Below is my /usr/local/etc/periodic.conf configuration, where, as you can see, I configure daily_output, daily_status_security_output, weekly_output, weekly_status_security_output, monthly_output, and monthly_status_security_output to go to files. Also, I'm keeping the daily_status_security_inline, weekly_status_security_inline, and monthly_status_security_inline variables at their "NO" defaults. Yet, however, I'm still seeing mail files being generated in /var/spool/clientmqueue with job reports after nightly periodic runs, so I'm wondering if there's something obvious I'm missing, or if what I want is simply not possible.

Thanks in advance for any help!

sh: 
# Output to log files which are rotated by default:
daily_output="/var/log/daily.log"
daily_status_security_output="/var/log/daily.log"
weekly_output="/var/log/weekly.log"
weekly_status_security_output="/var/log/weekly.log"
monthly_output="/var/log/monthly.log"
monthly_status_security_output="/var/log/monthly.log"

# No output for successful script runs:
daily_show_success="NO"
weekly_show_success="NO"
monthly_show_success="NO"
security_show_success="NO"

# Disabled daily scripts:
daily_accounting_enable="NO"
daily_backup_aliases_enable="NO"
daily_backup_efi_enable="NO"
daily_backup_gmirror_enable="NO"
daily_backup_gpart_enable="NO"
daily_backup_zfs_enable="NO"
daily_backup_zfs_props_enable="NO"
daily_calendar_enable="NO"
daily_clean_disks_enable="NO"
daily_clean_hoststat_enable="NO"
daily_clean_preserve_enable="NO"
daily_clean_rwho_enable="NO"
daily_clean_tmps_enable="NO"
daily_news_expire_enable="NO"
daily_queuerun_enable="NO"
daily_scrub_zfs_enable="NO"
daily_status_disks_enable="NO"
daily_status_gconcat_enable="NO"
daily_status_gmirror_enable="NO"
daily_status_graid3_enable="NO"
daily_status_gstripe_enable="NO"
daily_status_include_submit_mailq="NO"
daily_status_mail_rejects_enable="NO"
daily_status_mailq_enable="NO"
daily_status_mfi_enable="NO"
daily_status_network_enable="NO"
daily_status_ntpd_enable="NO"
daily_status_world_kernel="NO"
daily_status_zfs_enable="NO"
daily_status_zfs_zpool_list_enable="NO"
daily_submit_queuerun="NO"

# Enabled daily scripts:
daily_backup_passwd_enable="YES"
daily_clean_msgs_enable="YES"
daily_status_security_enable="YES"

# Disabled weekly scripts:
weekly_locate_enable="NO"
weekly_noid_enable="NO"
weekly_whatis_enable="NO"

# Enabled weekly scripts:
weekly_status_pkg_enable="YES"
weekly_status_security_enable="YES"

# Enabled monthly scripts:
monthly_accounting_enable="YES"
monthly_status_security_enable="YES"

# Disabled security scripts:
security_status_chkmounts_enable="NO"
security_status_chkportsum_enable="NO"
security_status_chksetuid_enable="NO"
security_status_ipfdenied_enable="NO"
security_status_ipfwdenied_enable="NO"
security_status_ipfwlimit_enable="NO"
security_status_kernelmsg_enable="NO"
security_status_logincheck_enable="NO"
security_status_loginfail_enable="NO"
security_status_neggrpperm_enable="NO"
security_status_pfdenied_enable="NO"
security_status_tcpwrap_enable="NO"

# Enabled security scripts:
security_status_chkuid0_enable="YES"
security_status_chkuid0_period="daily"
security_status_passwdless_enable="YES"
security_status_passwdless_period="daily"
 
kjeacle said:
In case this is the something obvious that you're missing: is this periodic.conf on both the jailhost and all of the jails?
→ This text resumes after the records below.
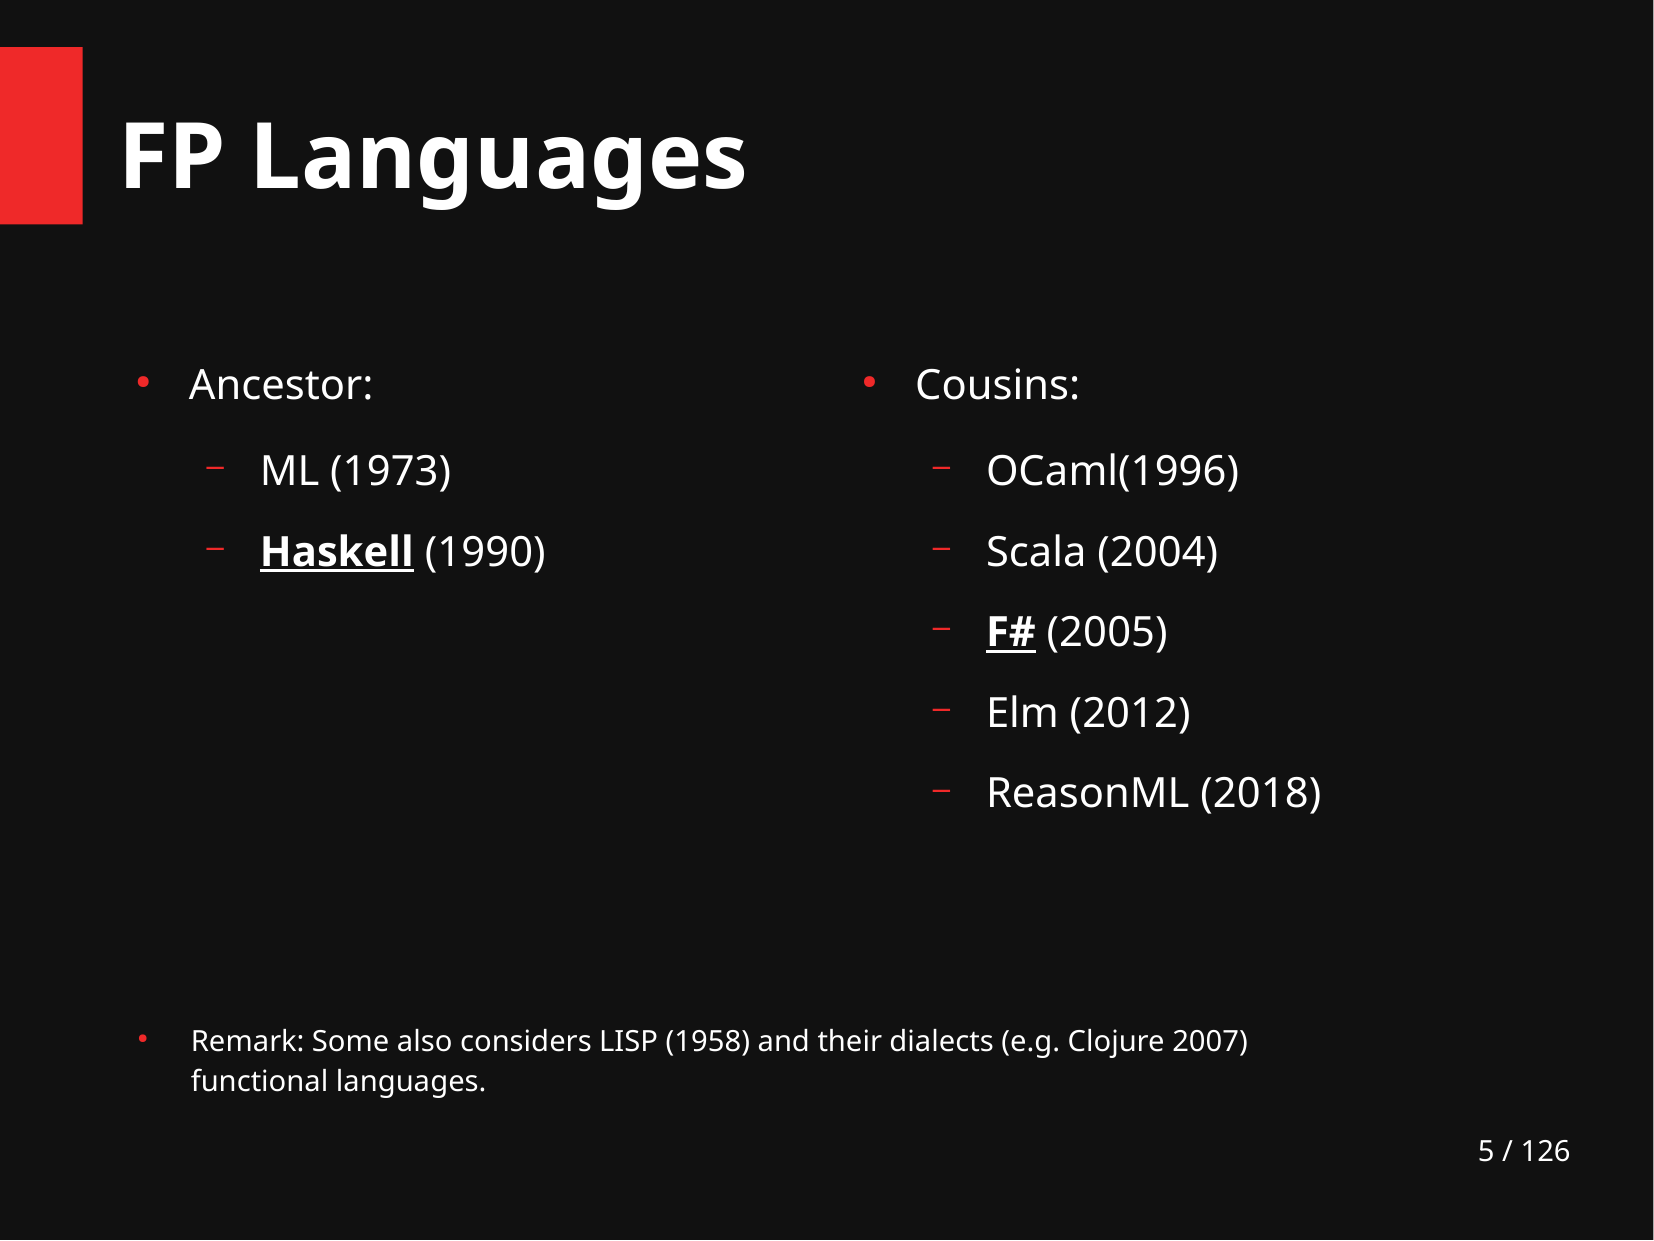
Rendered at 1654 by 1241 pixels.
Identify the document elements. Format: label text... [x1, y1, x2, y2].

title FP Languages [118, 49, 1571, 257]
list Cousins: OCaml(1996) Scala (2004) F# (2005) Elm (2012) ReasonML (2018) [844, 354, 1536, 1074]
list Remark: Some also considers LISP (1958) and their dialects (e.g. Clojure 2007) functional languages. [120, 1020, 1336, 1241]
list Ancestor: ML (1973) Haskell (1990) [118, 354, 810, 1074]

Do you see mail activity on the jailhost or the jails?
Click to expand...
This is /usr/local/etc/periodic.conf on all of the jails, and they're all generating periodic output, e.g. "Checking for passwordless accounts:", to clientmqueue files.

But the plot thickens! That output is generated by the /etc/periodic/security/400.passwdless job, which I have enabled via the security_status_passwdless_enable variable. However, I am seeing activity in this sample jail's /var/log/daily.log file, e.g. "Disk status" coming from the /etc/periodic/daily/400.status-disks job, which I have disabled via the daily_status_disks_enable variable!

Both jobs source the source_periodic_confs function which, according to my reading of its code in /etc/defaults/periodic.conf, should be pulling in my /usr/local/etc/periodic.conf file via the ${_localbase} definition (sysctl -n user.localbase == /usr/local of course).

So, all in all, this behavior seems really odd and contradictory, at least to my understanding of the source code and the configs, but I can't find any kind of a silly mistake, e.g. a typo, that I might be making somewhere…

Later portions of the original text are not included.